I wish that I had the spiritual maturity that Mary shows here, but I struggle with it when things don’t go the way I would write the script.

      38 “I am the Lord’s servant,” Mary answered. “May your word to me be fulfilled.” Then the angel left her. (Luke 1:38)

 

How do you respond to uncertainty and fear? When you want to react in fear, respond in faith.

 

The best possible advice I can give you today is to speak this prayer over the plot twists and uncertainty in your life:  “I am the Lord’s servant.  May it be done to me according to your word.” (AMP version) This was incredibly confusing to Mary.  In fact, it was quite a confusing journey at times for 33 years all the way to the Cross.

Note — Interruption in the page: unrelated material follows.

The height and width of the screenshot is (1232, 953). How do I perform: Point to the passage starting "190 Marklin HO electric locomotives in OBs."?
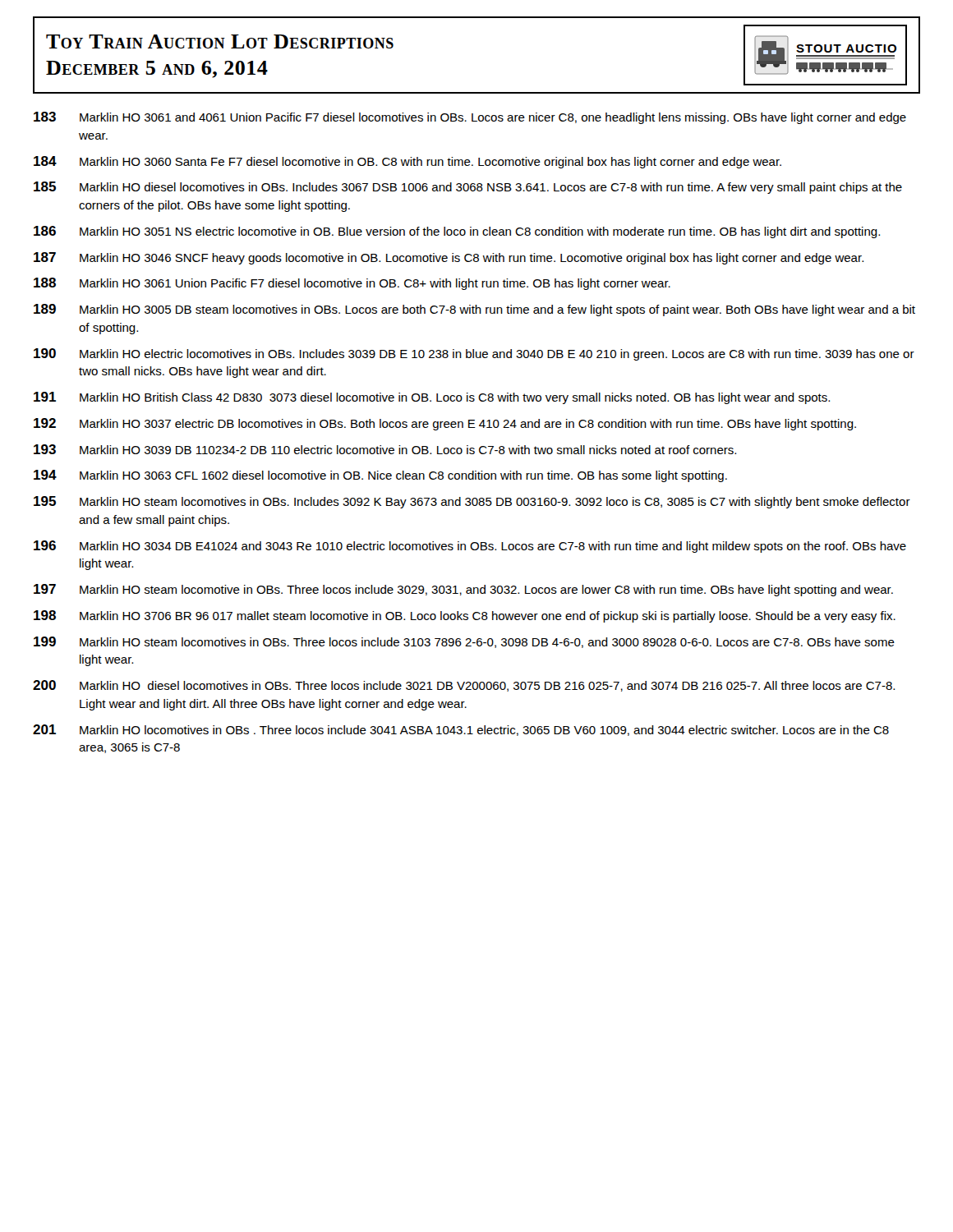click(476, 362)

And then things got really interesting the following Sunday.  Let’s be honest.  Mary had quite a crazy, wonderful ride, but one of the things that sustained Mary was remembering what the Lord had spoken to her.  She leaned into this. “I am the Lord’s servant.  May it be done to me according to your word.” Here are just a few of the examples of what the Lord has spoken over you, what He says about you:

  • I am a child of God. (John 1: 12)
  • I am God’s workmanship. (Ephesians 2:10)
  • I am totally and completely forgiven. (1 John 1:9)
  • I am God’s Child. (Galatians 3:26)
  • I am Jesus’ friend. (John 15:15)
  • I am a whole new person with a whole new life. (2 Corinthians 5:17)
  • I am a place where God’s Spirit lives. (1 Corinthians 6:19)
  • I am totally and completely forgiven. (1 John 1:9)
  • I am created in God’s likeness. (Ephesians 4:24)
  • I am a citizen of Heaven. (Philippians 3:20)
  • I am greatly loved. (Romans 5:8)

This is what the Lord says about you.  This should be the basis of how we view our stories, our circumstances and our lives. It leads us to our bottom line today:

When you don’t understand what God is doing, remember what God has spoken.

 

You are loved by God.  You are a child of God.  You are in the presence of God.  You are forgiven by God.  When we remember and live by these words, we can join Mary and say this prayer as well:  “May it be done to me according to your word.” This is a very short list of the statements God has said over you.  When the plot twists come, when the sudden turn of events happen, who will you trust?  When decision time comes and you can follow Jesus or you can follow the crowd, who will you trust?  Will you start writing out your own version of how things will end?  Or will you trust God?  Will you react in fear or respond in faith? When we see the Christmas story as all is calm and bright, it sometimes distances the story from reality.  But when we see it through the eyes of a trusting teenage girl who has been given unbelievable news and in the middle of it she speaks faith and promise over that news—that’s when we find the Christmas story as personal, relatable, and helpful. Today as we close, I want to spend some time praying for those of us who are facing a plot twist of uncertainty in our lives.  I want to pray for God to do what only God can do – to bring us hope, strength and peace. And at the conclusion of this time, I’m going to ask all of us to pray this simple prayer together:  “I am the Lord’s servant. May it be done to me according to your word.”

 

Lord, when those things happen in our lives that we don’t understand that we would not choose for ourselves those plot twists that you allow or even put in our lives, help us to go to you to trust in you. This holiday season can be challenging for many of us. So much to do, so many expectations to meet. All of the swirling emotions so intense that even when it’s good, it can feel like too much. Missing loved ones that are not with us for whatever reason. Feeling alone while it looks like everyone else is with friends and family. Help us to remember that we can always go to you with whatever is on our hearts. We can offer it to you, and you will take it. You will bind it up. But also help us to be inspired by the faithfulness of Mary and respond as she did. “I am the Lord’s servant. May it be done to me according to your word.” Amen!